The developments have come to light following the recent exit of Beamly CEO Jason Forbes, who simultaneously served as Coty’s chief digital and media officer since 2016.

A Coty spokesperson confirmed Forbes’ exit, and sent the following statement to Adweek: “After a thorough strategic review, it is now our intention for Beamly to no longer operate in its current form. This is in line with our turnaround plan as we aim for a simpler, optimized structure.”

It remains uncertain if Beamly will continue to operate as a result of a process that will involve splitting the outfit including the potential sunsetting of the Beamly brand. Per LinkedIn, Beamly has a headcount of circa 150 employees who will now work across three units: digital media, product and engineering, and creative services. It’s currently unknown if this transition will involve layoffs, although sources say the process may involve transferring headcount.

The Coty statement outlined the move will involve transitioning digital media services to Zenith, Coty’s lead media agency as the company continues to “identify the best way forward for the other groups.”

An eventual timeline, and details in the turnaround plan are also unclear.

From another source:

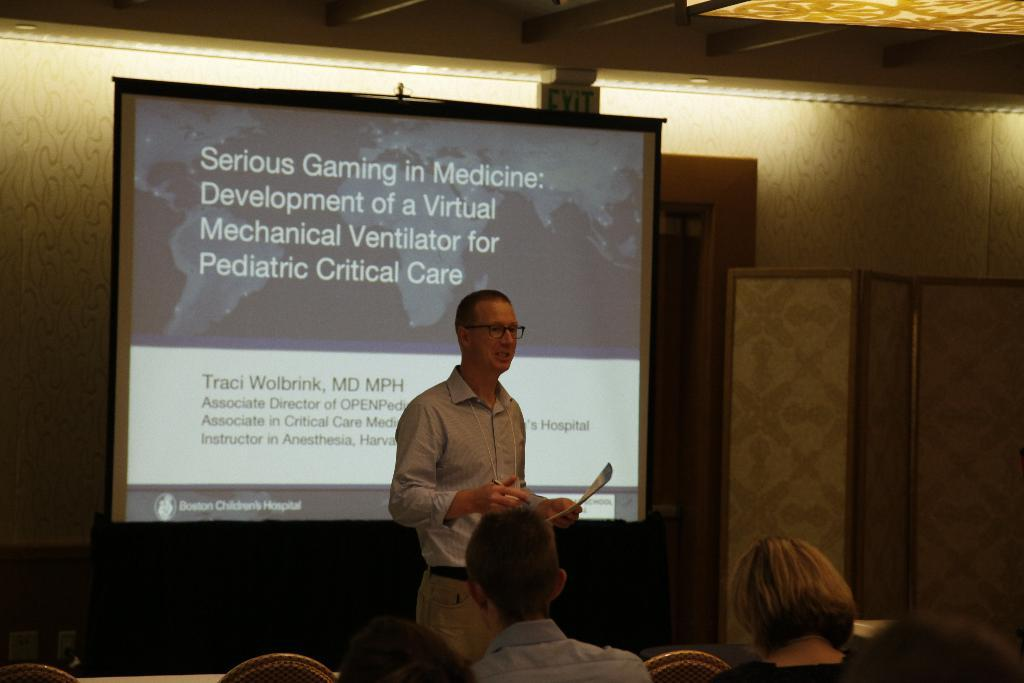Who is present in the image? There is a man in the image. What is the man doing in the image? The man is standing in front of a screen and holding a book. What can be seen on the ceiling in the image? There are lights on the ceiling. What is happening in the background of the image? There are people sitting on chairs in the background. How does the man's friend help him cough in the image? There is no friend present in the image, nor is there any indication that the man is coughing.

Coty purchased Beamly for an undisclosed sum with the digital media specialists acting as an in-house resource to help with marketing efforts across its portfolio of dozens of cosmetics brands that span the consumer, luxury, and professional sectors. During the announcement of that deal, Coty executives were keen to point out that it would continue to work with its existing roster of service providers, such as media agencies—even Beamly was required to pitch against third parties when it came to its brands’ digital RFPs. Camello Pane, who resigned as Coty CEO last year, had also said the deal would help advance efforts to engage with millennial audiences and further its ecommerce efforts. After his departure, the working relationship between the ad tech unit and its owner are understood to have deteriorated.

Since then, Coty has undergone some senior personnel changes such as the appointment of Fiona Hughes as CMO of its consumer beauty division.  This was later followed by a company-wide “turnaround plan” in July of this year that includes “simplifying our operations and organization.”